Bu mutlu ailenin çocuğu olarak Peter’ın korunaksız dış dünyada antisemitizm ile ilk karşılaştığı an Subotica’daydı. Küçük şehir Subotica’da altı yaşındaki çocuklar rahatça etrafta gezinebiliyorlardı. O dönem Yahudiler kıyafetlerine sarı Davut Yıldızı da işlemek zorundaydılar. Annesinin ricasıyla süt almak için 4-5 blok yürüyen ve dönüşte kendinden büyük çocuklar tarafından dövülen Peter, kırılan cam süt şişesi ile ağlayarak eve döndüğünde annesinin ona kızacağını düşünmüştü. Onun yerine annesi ona sarılmakla yetinmişti…

 

O dönemlere dair ilk hatırladığı an; 1941 yılının nisan ayından, Almanya’nın Belgrad’ı bombalaması. Büyük evlerinden oldukça şiddetli patlamayı duymuştu. Yaşadıkları bölgede tek yeraltı garajı onların evinin altındaydı. Patlamanın etkilerini en aza indirmek ve komşulara destek olmak amacıyla garajın kapısını çevredekilere açtılar.

Geçmişe dair ikinci anısı ise altı yaşındayken oluyor; sınır dışı edilme başladığında.

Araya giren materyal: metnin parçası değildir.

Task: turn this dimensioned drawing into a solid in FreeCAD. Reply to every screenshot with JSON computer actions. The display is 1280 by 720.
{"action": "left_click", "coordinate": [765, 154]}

Patlama sonrası Belgrad Alman askerleriyle dolmuştu. Peter’ın babası ve enişteleri Macaristan sınırında bulunan Subotica’daki en büyük nalbur dükkânına sahiplerdi. Yugoslav’dan çok Macarların olduğu Subotica’da herkes Macarca ve Sırp-Hırvatça biliyordu. 1944’e kadar orada sakin ve mutlu sayılabilecek bir hayat sürdüler.

Bundan önce, 1939 yılında Peter’in ailesi Amerika’ya seyahat etti. Sonsuza dek orada kalmayacaklarını bildikleri için başka bir yeri akıllarında bulundurmak istiyorlardı. Aynı düşünceyle kendi çocuklarına Yugoslav, Macar veya Yahudi isimleri koymadılar, aksine dünyada popüler olan ve bilinen havarilerin isimlerini koydular: John, Paul, Peter. 1939’da aynı zamanda Peter’in annesinin tek erkek kardeşinin yaşadığı Mexico City’ye gittiler ve şehre âşık oldular.

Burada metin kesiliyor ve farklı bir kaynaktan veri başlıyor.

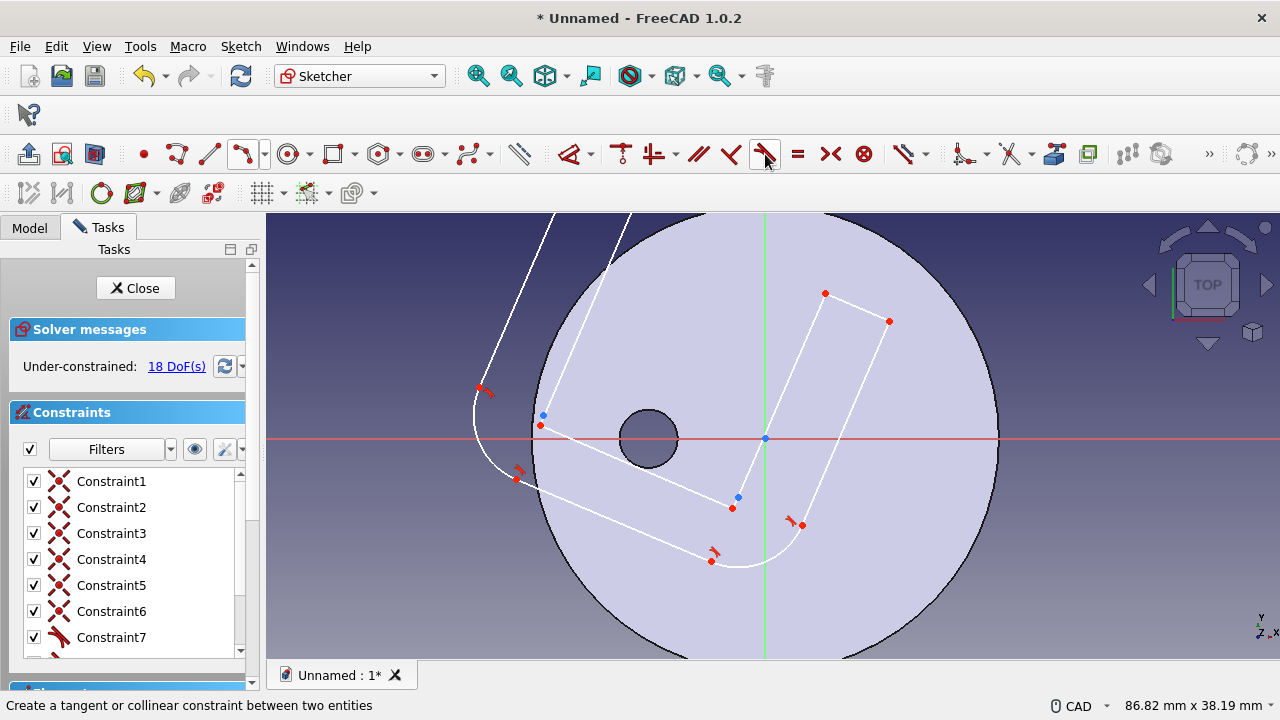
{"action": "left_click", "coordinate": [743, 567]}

Amerika’da, Macaristan’dan eski sınıf arkadaşları Flesch ailesi ile buluştular. Arkadaşları Avrupa’da durumların gittikçe kötüleştiğini ve dönmemeleri gerektiğini telkin ettiler. Babası işi, arabayı ve evi satmak için geri dönmeleri gerektiğini söyledi. Geri döndüklerinde ne işi, ne evi, ne de arabayı satabildiler ve ilk olarak Subotica’daki gettoya gönderildiler. Daha sonra da başka bir gettoya; Bácsalmás. Orada 1 buçuk ay kaldıktan sonra Auschwitz’e olduğu söylenen trene binmeleri gerekti.

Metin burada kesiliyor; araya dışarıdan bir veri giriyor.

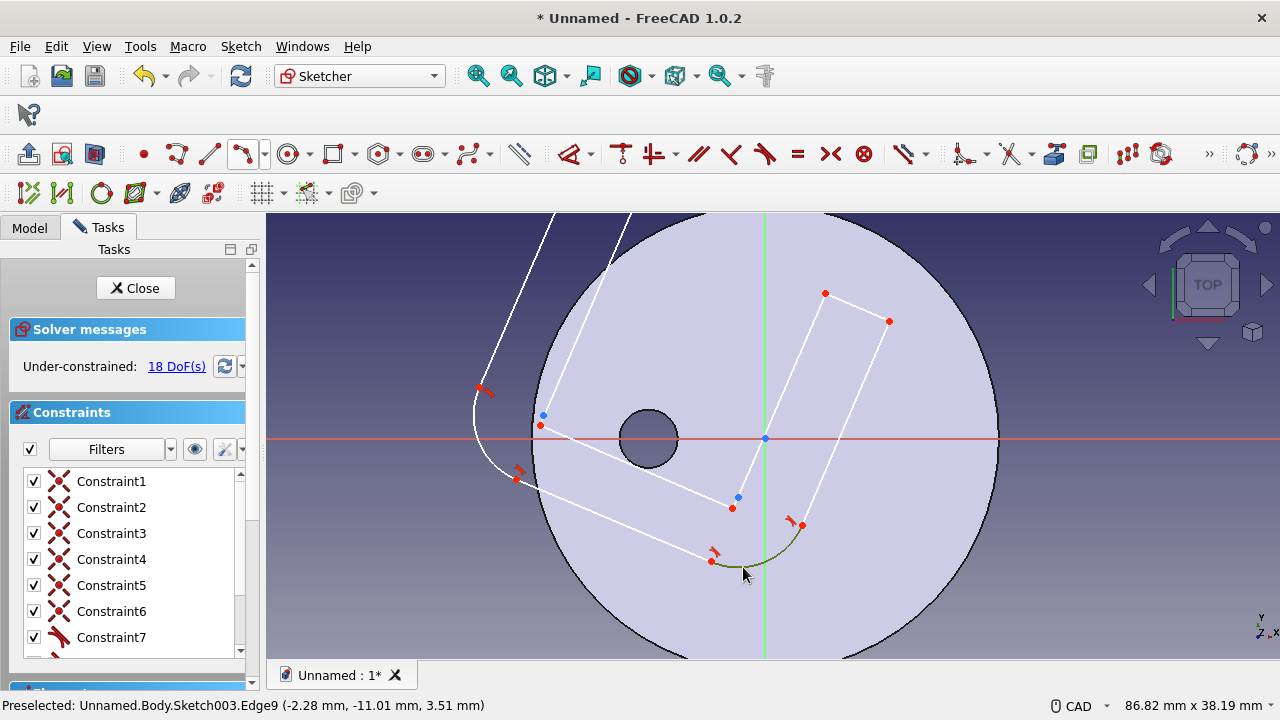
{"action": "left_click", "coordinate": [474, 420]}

Bu esnada herkes hızlı yürürken Peter’ın annesi üç küçük çocukla hızlı yürüyemiyordu, acele de etmiyordu. Çocuklarına: “Don’t run, there is no rush… (Koşmayın, acelemiz yok…)” diyordu. Peter Rosenfeld Span’in Yad Vashem ve Uluslarası Holokost Araştırmaları Merkezi (ISHS) ile beraber çektiği ve hayat hikayesini anlattığı belgesel filminin de başlığı buradan geliyor: “Mother Told Us Not To Run” (Anne Koşmamamızı Söyledi).

 

Peter’ın yedi kere lotoyu kazandım diye hem canlı yayınımızda hem de belgesel filminde anlattığı anlardan biri de buydu. Acele etmedikleri için tren vagonun en sonundaydılar. Müttefikler tren yollarını bombaladıkları için arada hiçliğin ortasında duruyorlardı, dışarıya bakan pencereler çok yüksekti ve nerede olduklarını bile bilmiyorlardı. Durakların birinde, birbirini kaldırıp dışarıyı görebilen kişilerden durdukları yerde çalışan insanların olduğunu duydular. Peter, kardeşleri ve annesinin sürülmesinden iki yıl önce babasının zorunlu çalışma kampına gönderildiğini biliyordu. Peter da babasını görmenin umuduyla havaya kaldırılacaktı ki tren yeniden hareket etmeye başladı. Babası trene onlarla binmek istediyse de annesi en azından dışarıda, nispeten ‘özgür’ olan eşinin bunu yapmasına izin vermedi.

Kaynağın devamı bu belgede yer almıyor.